EXERCISE DESCRIPTION - Scan the listing and copy each line where the word "ratio" is present.
---
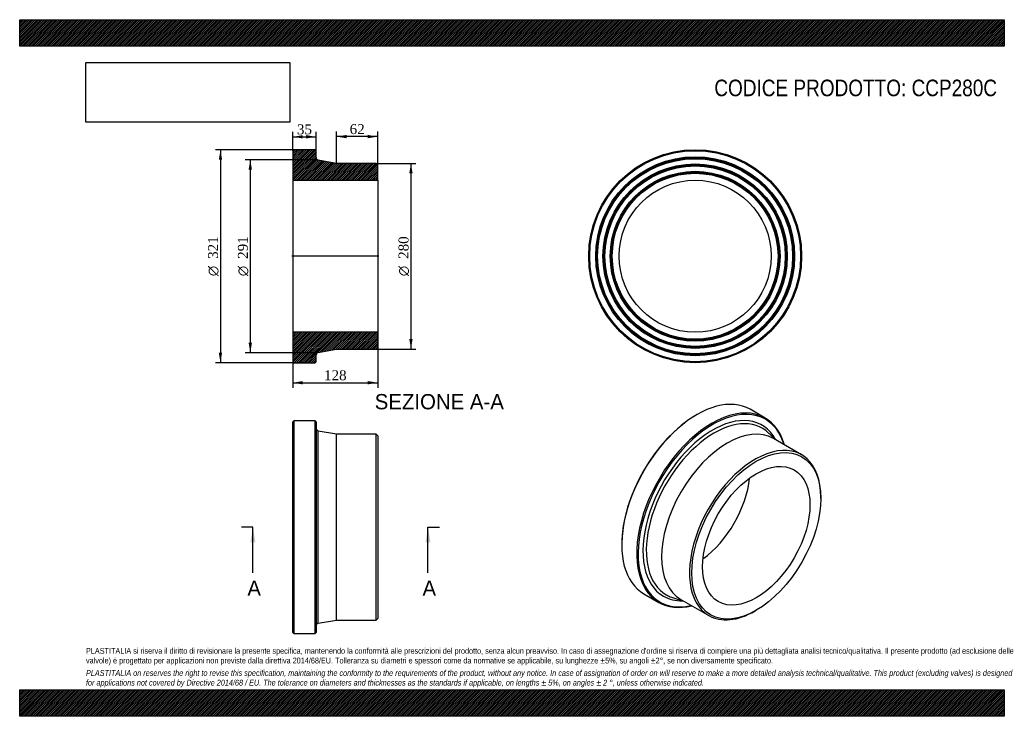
# Model space of a CAD drawing. Header units: millimetres. Extents: x 0 to 1485, y 0 to 1050.
import ezdxf
from ezdxf.enums import TextEntityAlignment as Align
from ezdxf.lldxf.tags import DXFTag

# ---------------------------------------------------------------- set-up
doc = ezdxf.new("R2010")
doc.units = ezdxf.units.MM
doc.header["$LTSCALE"] = 5
for name, color, linetype in [('CCP280C', 7, 'Continuous'), ('Default', 7, 'Continuous'), ('DV4_Default', 7, 'Continuous')]:
    doc.layers.add(name, color=color, linetype=linetype)
doc.styles.add('SEACAD_Solid_Edge_ANSI', font='seans.ttf')
doc.styles.add('SEACAD_Solid_Edge_ANSI1_Symbols', font='semeca1.ttf')
doc.styles.add('SEACAD_Times_New_Roman', font='times.ttf')
tags = doc.linetypes.add('CENTER2', pattern=[28.575, 19.05, -3.175, 3.175, -3.175]).pattern_tags.tags
tags[10:11] = [DXFTag(74, 4), DXFTag(75, 0), DXFTag(340, '0'), DXFTag(46, 0.0), DXFTag(50, 0.0), DXFTag(44, 0.0), DXFTag(45, 0.0)]
tags[8:9] = [DXFTag(74, 4), DXFTag(75, 0), DXFTag(340, '0'), DXFTag(46, 0.0), DXFTag(50, 0.0), DXFTag(44, 0.0), DXFTag(45, 0.0)]
tags[6:7] = [DXFTag(74, 4), DXFTag(75, 0), DXFTag(340, '0'), DXFTag(46, 0.0), DXFTag(50, 0.0), DXFTag(44, 0.0), DXFTag(45, 0.0)]
tags[4:5] = [DXFTag(74, 4), DXFTag(75, 0), DXFTag(340, '0'), DXFTag(46, 0.0), DXFTag(50, 0.0), DXFTag(44, 0.0), DXFTag(45, 0.0)]
doc.dimstyles.new('ANSImm', dxfattribs={"dimtxt": 15, "dimasz": 15, "dimexe": 7.5, "dimexo": 0, "dimgap": 3.75, "dimtad": 1, "dimdsep": 46, "dimtxsty": 'SEACAD_Times_New_Roman', "dimblk1": '_SE_FILLED', "dimblk2": '_SE_FILLED', "dimsah": 1, "dimcen": 7.5, "dimazin": 0, "dimtfac": 0.85, "dimtdec": 3, "dimtofl": 0, "dimtmove": 0, "dimatfit": 3, "dimfxl": 1, "dimarcsym": 0})
picture_1 = doc.add_image_def('image1.jpg', size_in_pixel=(4302, 1260))

# ---------------------------------------------------------------- blocks, each defined once
blk = doc.blocks.new('SE')
at = {"layer": 'CCP280C', "color": 7, "linetype": 'Continuous'}
for p, q in [((413.5, 445.6), (412, 444.1)), ((413.5, 445.6), (413.5, 124.6)), ((445.5, 445.6), (413.5, 445.6)), ((445.5, 124.6), (445.5, 445.6)), ((447, 444.1), (445.5, 445.6)), ((412, 126.1), (412, 444.1)), ((447, 444.1), (447, 126.1)), ((450.3, 140.2), (450.3, 430)), ((478, 425.1), (450.3, 430)), ((478, 145.1), (478, 425.1)), ((537.5, 425.1), (478, 425.1)), ((537.5, 145.1), (537.5, 425.1)), ((540, 422.6), (537.5, 425.1)), ((540, 422.6), (540, 147.6)), ((450.3, 140.2), (478, 145.1)), ((478, 145.1), (537.5, 145.1)), ((537.5, 145.1), (540, 147.6)), ((412, 126.1), (413.5, 124.6)), ((413.5, 124.6), (445.5, 124.6)), ((445.5, 124.6), (447, 126.1))]:
    blk.add_line(p, q, dxfattribs=at)
for centre, start, end in [((451, 434), 180, 259.9393), ((451, 136.3), 100.0607, 180)]:
    blk.add_arc(centre, 4, start, end, dxfattribs=at)
blk = doc.blocks.new('SE1')
at = {"layer": 'CCP280C', "color": 7, "linetype": 'Continuous'}
for p, q in [((1124.4, 449.6), (1101.7, 462.7)), ((1021.5, 454.8), (1020.4, 454.1)), ((1141.5, 416.1), (1128.5, 427.9)), ((1179.2, 394.3), (1137.1, 418.6)), ((1208.2, 328.2), (1208.2, 330.2)), ((908, 259.4), (908, 258.2)), ((941.2, 184.7), (963.9, 171.6)), ((984.7, 178.9), (1001.5, 173.6)), ((997.1, 176.1), (1039.2, 151.8)), ((1109.2, 158.8), (1110.9, 159.8))]:
    blk.add_line(p, q, dxfattribs=at)
for centre, major_axis, start_param, end_param in [((1021.5, 323.7), (80.2, 139), 0, 3.141593), ((1044.1, 310.6), (-80.3, -139), 2.63063, 6.283185), ((1045.2, 310), (79.5, 137.7), 0, 3.635466), ((1020.4, 324.3), (-79.5, -137.7), 3.926991, 5.497787), ((1045.2, 310), (-74.4, -128.9), 2.80316, 6.283185), ((1047.5, 308.7), (-72.5, -125.5), 3.060856, 6.283185), ((1045.2, 310), (79.5, 137.7), 5.789312, 6.283185), ((1067.1, 297.4), (-70, -121.2), 3.141593, 6.283185), ((1047.5, 308.7), (-72.5, -125.5), -3.267379, -3.222329), ((1109.2, 273.1), (-70, -121.2), 2.356194, 6.283185), ((1020.4, 324.3), (-57.3, -99.2), 0.910463, 2.23113), ((1045.2, 310), (-74.4, -128.9), 0, 0.338432), ((1047.5, 308.7), (-72.5, -125.5), 0, 0.079835), ((1047.5, 308.7), (-72.5, -125.5), 0.079835, 0.125786), ((1044.1, 310.6), (-80.3, -139), 0, 0.510963), ((1109.2, 273.1), (-70, -121.2), 0, 0.785398)]:
    blk.add_ellipse(centre, major_axis=major_axis, ratio=0.57735, start_param=start_param, end_param=end_param, dxfattribs=at)
for major_axis in [(68.8, 119.1), (-57.3, -99.2)]:
    blk.add_ellipse((1110.9, 272.1), major_axis=major_axis, ratio=0.57735, dxfattribs=at)
blk = doc.blocks.new('SE2')
at = {"layer": 'CCP280C', "color": 7, "linetype": 'Continuous'}
for radius in [160.5, 159, 150, 148.5, 147, 139, 137.5, 136, 128, 126.5, 125, 114.6]:
    blk.add_circle((1018.7, 693.5), radius, dxfattribs=at)
blk = doc.blocks.new('SE4')
at = {"color": 7, "linetype": 'Continuous', "style": 'SEACAD_Solid_Edge_ANSI'}
blk.add_text('A', height=23, dxfattribs=at).set_placement((343.4, 204.6), align=Align.TOP_LEFT)
blk = doc.blocks.new('SE5')
at = {"color": 7, "linetype": 'Continuous', "style": 'SEACAD_Solid_Edge_ANSI'}
blk.add_text('A', height=23, dxfattribs=at).set_placement((607.5, 204.6), align=Align.TOP_LEFT)
blk = doc.blocks.new('SEANNOT_GROUP')
at = {"linetype": 'Continuous'}
blk.add_hatch(color=7, dxfattribs=at).paths.add_polyline_path([(355.6, 262.1), (351.7, 285.1), (347.9, 262.1)])
at = {"color": 7, "linetype": 'Continuous'}
blk.add_lwpolyline([(351.7, 216.1), (351.7, 285.1)], dxfattribs=at)
blk = doc.blocks.new('SEANNOT_GROUP1')
at = {"linetype": 'Continuous'}
blk.add_hatch(color=7, dxfattribs=at).paths.add_polyline_path([(619.7, 262.1), (615.8, 285.1), (612, 262.1)])
at = {"color": 7, "linetype": 'Continuous'}
blk.add_lwpolyline([(615.8, 216.1), (615.8, 285.1)], dxfattribs=at)
blk = doc.blocks.new('SE3')
at = {"layer": 'Default', "color": 7, "linetype": 'CENTER2'}
for p, q in [((351.7, 285.1), (334.5, 285.1)), ((615.8, 285.1), (633.1, 285.1))]:
    blk.add_line(p, q, dxfattribs=at)
at = {"layer": 'Default', "color": 7, "linetype": 'CENTER2', "const_width": 0.0001}
blk.add_lwpolyline([(351.7, 285.1), (615.8, 285.1)], dxfattribs=at)
at = {"layer": 'Default'}
for name in ['SEANNOT_GROUP', 'SEANNOT_GROUP1', 'SE4', 'SE5']:
    blk.add_blockref(name, (0, 0), dxfattribs=at)
blk = doc.blocks.new('SE6')
at = {"layer": 'CCP280C', "linetype": 'Continuous'}
h = blk.add_hatch(dxfattribs=at)
h.set_pattern_fill('LINE', scale=0.629921, angle=45, style=0)
edge = h.paths.add_edge_path()
edge.add_line((537.5, 833.5), (478, 833.5))
edge.add_line((478, 833.5), (450.3, 838.4))
edge.add_arc((451, 842.4), 4, 180, 259.9393, ccw=False)
edge.add_line((447, 842.4), (447, 852.5))
edge.add_line((447, 852.5), (445.5, 854))
edge.add_line((445.5, 854), (413.5, 854))
edge.add_line((413.5, 854), (412, 852.5))
edge.add_line((412, 852.5), (412, 843.5))
edge.add_line((412, 843.5), (413.1, 842))
edge.add_line((413.1, 842), (412, 840.5))
edge.add_line((412, 840.5), (412, 832.5))
edge.add_line((412, 832.5), (413.1, 831))
edge.add_line((413.1, 831), (412, 829.5))
edge.add_line((412, 829.5), (412, 821.5))
edge.add_line((412, 821.5), (413.1, 820))
edge.add_line((413.1, 820), (412, 818.5))
edge.add_line((412, 818.5), (412, 808.1))
edge.add_line((412, 808.1), (540, 808.1))
edge.add_line((540, 808.1), (540, 831))
edge.add_line((540, 831), (537.5, 833.5))
h = blk.add_hatch(dxfattribs=at)
h.set_pattern_fill('LINE', scale=0.62992, angle=45, style=0)
edge = h.paths.add_edge_path()
edge.add_line((540, 556), (540, 578.9))
edge.add_line((540, 578.9), (412, 578.9))
edge.add_line((412, 578.9), (412, 568.5))
edge.add_line((412, 568.5), (413.1, 567))
edge.add_line((413.1, 567), (412, 565.5))
edge.add_line((412, 565.5), (412, 557.5))
edge.add_line((412, 557.5), (413.1, 556))
edge.add_line((413.1, 556), (412, 554.5))
edge.add_line((412, 554.5), (412, 546.5))
edge.add_line((412, 546.5), (413.1, 545))
edge.add_line((413.1, 545), (412, 543.5))
edge.add_line((412, 543.5), (412, 534.5))
edge.add_line((412, 534.5), (413.5, 533))
edge.add_line((413.5, 533), (445.5, 533))
edge.add_line((445.5, 533), (447, 534.5))
edge.add_line((447, 534.5), (447, 544.7))
edge.add_arc((451, 544.7), 4, 100.0607, 180, ccw=False)
edge.add_line((450.3, 548.6), (478, 553.5))
edge.add_line((478, 553.5), (537.5, 553.5))
edge.add_line((537.5, 553.5), (540, 556))
at = {"layer": 'CCP280C', "color": 7, "linetype": 'Continuous'}
for p, q in [((412, 852.5), (413.5, 854)), ((412, 852.5), (412, 843.5)), ((445.5, 854), (413.5, 854)), ((445.5, 854), (447, 852.5)), ((447, 842.4), (447, 852.5)), ((412, 843.5), (412, 840.5)), ((412, 843.5), (413.1, 842)), ((413.1, 842), (412, 840.5)), ((412, 840.5), (412, 832.5)), ((412, 832.5), (412, 829.5)), ((412, 832.5), (413.1, 831)), ((478, 833.5), (450.3, 838.4)), ((537.5, 833.5), (478, 833.5)), ((537.5, 833.5), (540, 831)), ((413.1, 831), (412, 829.5)), ((412, 829.5), (412, 821.5)), ((412, 821.5), (412, 818.5)), ((412, 821.5), (413.1, 820)), ((413.1, 820), (412, 818.5)), ((412, 818.5), (412, 808.1)), ((540, 808.1), (540, 831)), ((412, 808.1), (412, 578.9)), ((412, 808.1), (540, 808.1)), ((540, 808.1), (540, 578.9)), ((540, 578.9), (412, 578.9)), ((412, 578.9), (412, 568.5)), ((412, 568.5), (412, 565.5)), ((412, 568.5), (413.1, 567)), ((413.1, 567), (412, 565.5)), ((412, 565.5), (412, 557.5)), ((540, 556), (540, 578.9)), ((412, 557.5), (412, 554.5)), ((412, 557.5), (413.1, 556)), ((413.1, 556), (412, 554.5)), ((412, 554.5), (412, 546.5)), ((450.3, 548.6), (478, 553.5)), ((478, 553.5), (537.5, 553.5)), ((540, 556), (537.5, 553.5)), ((412, 546.5), (412, 543.5)), ((412, 546.5), (413.1, 545)), ((413.1, 545), (412, 543.5)), ((412, 543.5), (412, 534.5)), ((447, 534.5), (447, 544.7)), ((413.5, 533), (412, 534.5)), ((413.5, 533), (445.5, 533)), ((447, 534.5), (445.5, 533))]:
    blk.add_line(p, q, dxfattribs=at)
for centre, start, end in [((451, 842.4), 180, 259.9393), ((451, 544.7), 100.0607, 180)]:
    blk.add_arc(centre, 4, start, end, dxfattribs=at)
at = {"layer": 'DV4_Default', "color": 7, "linetype": 'CENTER2'}
for p, q in [((447, 842.4), (447, 839)), ((447, 839), (450.3, 838.4)), ((541.8, 693.5), (410.3, 693.5)), ((450.3, 548.6), (447, 548)), ((447, 544.7), (447, 548))]:
    blk.add_line(p, q, dxfattribs=at)
blk = doc.blocks.new('DMBLK85')
at = {"layer": 'Default', "linetype": 'Continuous'}
for points in [[(427, 876), (412, 873.5), (427, 871)], [(432, 876), (432, 871), (447, 873.5)]]:
    blk.add_hatch(color=7, dxfattribs=at).paths.add_polyline_path(points)
at = {"layer": 'Default', "color": 7, "linetype": 'Continuous'}
for p, q in [((412, 852.5), (412, 881)), ((447, 852.5), (447, 881)), ((412, 873.5), (447, 873.5))]:
    blk.add_line(p, q, dxfattribs=at)
at = {"layer": 'Default', "color": 7, "linetype": 'Continuous', "style": 'SEACAD_Times_New_Roman'}
blk.add_text('35', height=15, dxfattribs=at).set_placement((418.2, 892.2), align=Align.TOP_LEFT)
blk = doc.blocks.new('_SE_FILLED')
at = {"color": 0}
blk.add_line((0, 0), (-1, 0), dxfattribs=at)
blk.add_solid([(0, 0), (-1, -0.1665), (-1, 0.1665), (0, 0)], dxfattribs=at)
blk = doc.blocks.new('GDimGGroup')
at = {"layer": 'Default', "linetype": 'Continuous'}
for points in [[(300.3, 839), (305.3, 839), (302.8, 854)], [(300.3, 548), (302.8, 533), (305.3, 548)]]:
    blk.add_hatch(color=7, dxfattribs=at).paths.add_polyline_path(points)
at = {"layer": 'Default', "color": 7, "linetype": 'Continuous'}
for p, q in [((429.5, 854), (295.3, 854)), ((302.8, 854), (302.8, 533)), ((429.5, 533), (295.3, 533))]:
    blk.add_line(p, q, dxfattribs=at)
for s, style, p in [('321', 'SEACAD_Times_New_Roman', (284.1, 689.5)), ('O', 'SEACAD_Solid_Edge_ANSI1_Symbols', (284.1, 663.4))]:
    blk.add_text(s, height=15, rotation=90, dxfattribs=dict(at, style=style)).set_placement(p, align=Align.TOP_LEFT)
blk = doc.blocks.new('GDimGGroup1')
at = {"layer": 'Default', "linetype": 'Continuous'}
for points in [[(345.3, 824), (350.3, 824), (347.8, 839)], [(345.3, 563), (347.8, 548), (350.3, 563)]]:
    blk.add_hatch(color=7, dxfattribs=at).paths.add_polyline_path(points)
at = {"layer": 'Default', "color": 7, "linetype": 'Continuous'}
for p, q in [((447, 839), (340.3, 839)), ((347.8, 839), (347.8, 548)), ((447, 548), (340.3, 548))]:
    blk.add_line(p, q, dxfattribs=at)
for s, style, p in [('291', 'SEACAD_Times_New_Roman', (329.1, 689.5)), ('O', 'SEACAD_Solid_Edge_ANSI1_Symbols', (329.1, 663.4))]:
    blk.add_text(s, height=15, rotation=90, dxfattribs=dict(at, style=style)).set_placement(p, align=Align.TOP_LEFT)
blk = doc.blocks.new('GDimGGroup2')
at = {"layer": 'Default', "linetype": 'Continuous'}
for points in [[(592.6, 818.5), (590.1, 833.5), (587.6, 818.5)], [(592.6, 568.5), (587.6, 568.5), (590.1, 553.5)]]:
    blk.add_hatch(color=7, dxfattribs=at).paths.add_polyline_path(points)
at = {"layer": 'Default', "color": 7, "linetype": 'Continuous'}
for p, q in [((537.5, 833.5), (597.6, 833.5)), ((590.1, 833.5), (590.1, 553.5)), ((537.5, 553.5), (597.6, 553.5))]:
    blk.add_line(p, q, dxfattribs=at)
for s, style, p in [('280', 'SEACAD_Times_New_Roman', (571.4, 689.5)), ('O', 'SEACAD_Solid_Edge_ANSI1_Symbols', (571.4, 663.4))]:
    blk.add_text(s, height=15, rotation=90, dxfattribs=dict(at, style=style)).set_placement(p, align=Align.TOP_LEFT)
blk = doc.blocks.new('DMBLK86')
at = {"layer": 'Default', "linetype": 'Continuous'}
for points in [[(493, 876.3), (478, 873.8), (493, 871.3)], [(525, 876.3), (525, 871.3), (540, 873.8)]]:
    blk.add_hatch(color=7, dxfattribs=at).paths.add_polyline_path(points)
at = {"layer": 'Default', "color": 7, "linetype": 'Continuous'}
for p, q in [((478, 833.5), (478, 881.3)), ((540, 808.1), (540, 881.3)), ((540, 873.8), (478, 873.8))]:
    blk.add_line(p, q, dxfattribs=at)
at = {"layer": 'Default', "color": 7, "linetype": 'Continuous', "style": 'SEACAD_Times_New_Roman'}
blk.add_text('62', height=15, dxfattribs=at).set_placement((497.7, 892.6), align=Align.TOP_LEFT)
blk = doc.blocks.new('DMBLK87')
at = {"layer": 'Default', "linetype": 'Continuous'}
for points in [[(427, 500.3), (427, 505.3), (412, 502.8)], [(525, 500.3), (540, 502.8), (525, 505.3)]]:
    blk.add_hatch(color=7, dxfattribs=at).paths.add_polyline_path(points)
at = {"layer": 'Default', "color": 7, "linetype": 'Continuous'}
for p, q in [((412, 578.9), (412, 495.3)), ((540, 578.9), (540, 495.3)), ((412, 502.8), (540, 502.8))]:
    blk.add_line(p, q, dxfattribs=at)
at = {"layer": 'Default', "color": 7, "linetype": 'Continuous', "style": 'SEACAD_Times_New_Roman'}
blk.add_text('128', height=15, dxfattribs=at).set_placement((459, 521.6), align=Align.TOP_LEFT)

msp = doc.modelspace()

# ---------------------------------------------------------------- hatches: boundary and pattern name
at = {"layer": 'Default', "linetype": 'Continuous'}
h = msp.add_hatch(dxfattribs=at)
h.set_pattern_fill('LINE', scale=0.629921, angle=45, style=0)
h.paths.add_polyline_path([(1485, 1010), (1485, 1050), (0, 1050), (0, 1010)])
for points in [[(1485, 1010), (1485, 1050), (0, 1050), (0, 1010)], [(1485, 0), (1485, 40), (0, 40), (0, 0)]]:
    msp.add_hatch(color=7, dxfattribs=at).paths.add_polyline_path(points)
h = msp.add_hatch(dxfattribs=at)
h.set_pattern_fill('LINE', scale=0.629921, angle=45, style=0)
h.paths.add_polyline_path([(1485, 0), (1485, 40), (0, 40), (0, 0)])

# ---------------------------------------------------------------- linework, layer by layer
at = {"layer": 'Default', "color": 7, "linetype": 'Continuous'}
for p, q in [((0, 1050), (1485, 1050)), ((0, 1010), (0, 1050)), ((1485, 1050), (1485, 1010)), ((1485, 1010), (0, 1010)), ((0, 40), (1485, 40)), ((0, 0), (0, 40)), ((1485, 40), (1485, 0)), ((1485, 0), (0, 0))]:
    msp.add_line(p, q, dxfattribs=at)

# ---------------------------------------------------------------- block references
at = {"layer": 'Default'}
for name in ['GDimGGroup', 'SE6', 'SE2', 'GDimGGroup1', 'GDimGGroup2', 'SE1', 'SE', 'SE3']:
    msp.add_blockref(name, (0, 0), dxfattribs=at)

# ---------------------------------------------------------------- texts
at = {"layer": 'Default', "color": 7, "linetype": 'Continuous', "style": 'SEACAD_Solid_Edge_ANSI'}
msp.add_text('SEZIONE A-A', height=23, dxfattribs=at).set_placement((535.455, 485.732), align=Align.TOP_LEFT)
at = {"layer": 'Default', "attachment_point": 1}
for s, insert, char_height, width in [('{\\fArial Narrow|b0||i0||c0|p34;\\C7;\\H25.;\\W1.;CODICE PRODOTTO: CCP280C}', (1047.639, 959.671), 25, 427.52846), ("{\\fArial Narrow|b0||i0||c0|p34;\\C7;\\H8.75;\\W1.;PLASTITALIA si riserva il diritto di revisionare la presente specifica, mantenendo la conformità alle prescrizioni del prodotto, senza alcun preavviso. In caso di assegnazione d'ordine si riserva di compiere una più dettagliata analisi tecnico/qualitativa. Il presente prodotto (ad esclusione delle \\P}{\\fArial Narrow|b0||i0||c0|p34;\\C7;\\H8.75;\\W1.;valvole) è progettato per applicazioni non previste dalla direttiva 2014/68/EU. Tolleranza su diametri e spessori come da normative se applicabile, su lunghezze ±5%, su angoli ±2°, se non diversamente specificato.\\P}{\\fArial Narrow|b0||i0||c0|p34;\\C7;\\H2.5;\\W1.;   \\P}{\\fArial Narrow|b0||i1||c0|p34;\\C7;\\H8.75;\\W1.;PLASTITALIA on reserves the right to revise this specification, maintaining the conformity to the requirements of the product, without any notice. In case of assignation of order on will reserve to make a more detailed analysis technical/qualitative. This product (excluding valves) is designed \\P}{\\fArial Narrow|b0||i1||c0|p34;\\C7;\\H8.75;\\W1.;for applications not covered by Directive 2014/68 / EU. The tolerance on diameters and thicknesses as the standards if applicable, on lengths ± 5%, on angles ± 2 °, unless otherwise indicated.\\P}", (100, 103.012), 8.75, 1285)]:
    msp.add_mtext(s, dxfattribs=dict(at, insert=insert, char_height=char_height, width=width))

# ---------------------------------------------------------------- dimensions: what is measured, and where the dimension line sits
at = {"layer": 'Default', "color": 7, "linetype": 'Continuous'}
for base, p1, p2, picture, middle in [((412.034, 873.454), (412.034, 852.526), (447.034, 852.526), 'DMBLK85', (429.534, 873.454)), ((412.034, 502.817), (412.034, 578.926), (540.034, 578.926), 'DMBLK87', (476.034, 502.817))]:
    dim = msp.add_linear_dim(base=base, p1=p1, p2=p2, angle=0, text='\\A1;<>', dimstyle='ANSImm', dxfattribs=at)
    dim.commit()
    dim.dimension.update_dxf_attribs({"geometry": picture, "text_midpoint": middle, "dimtype": 161})
dim = msp.add_linear_dim(base=(478.034, 873.816), p1=(540.034, 808.126), p2=(478.034, 833.526), text='\\A1;<>', dimstyle='ANSImm', dxfattribs=at)
dim.commit()
dim.dimension.update_dxf_attribs({"geometry": 'DMBLK86', "text_midpoint": (509.034, 873.816), "dimtype": 160})

# ---------------------------------------------------------------- pictures from other files: only their frames are drawn
image = msp.add_image(picture_1, insert=(100, 895.516), size_in_units=(307.286, 90))
image.dxf.flags = 7

doc.saveas('drawing.dxf')
---
PROBLEM SOLUTION -
    blk.add_ellipse(centre, major_axis=major_axis, ratio=0.57735, start_param=start_param, end_param=end_param, dxfattribs=at)
    blk.add_ellipse((1110.9, 272.1), major_axis=major_axis, ratio=0.57735, dxfattribs=at)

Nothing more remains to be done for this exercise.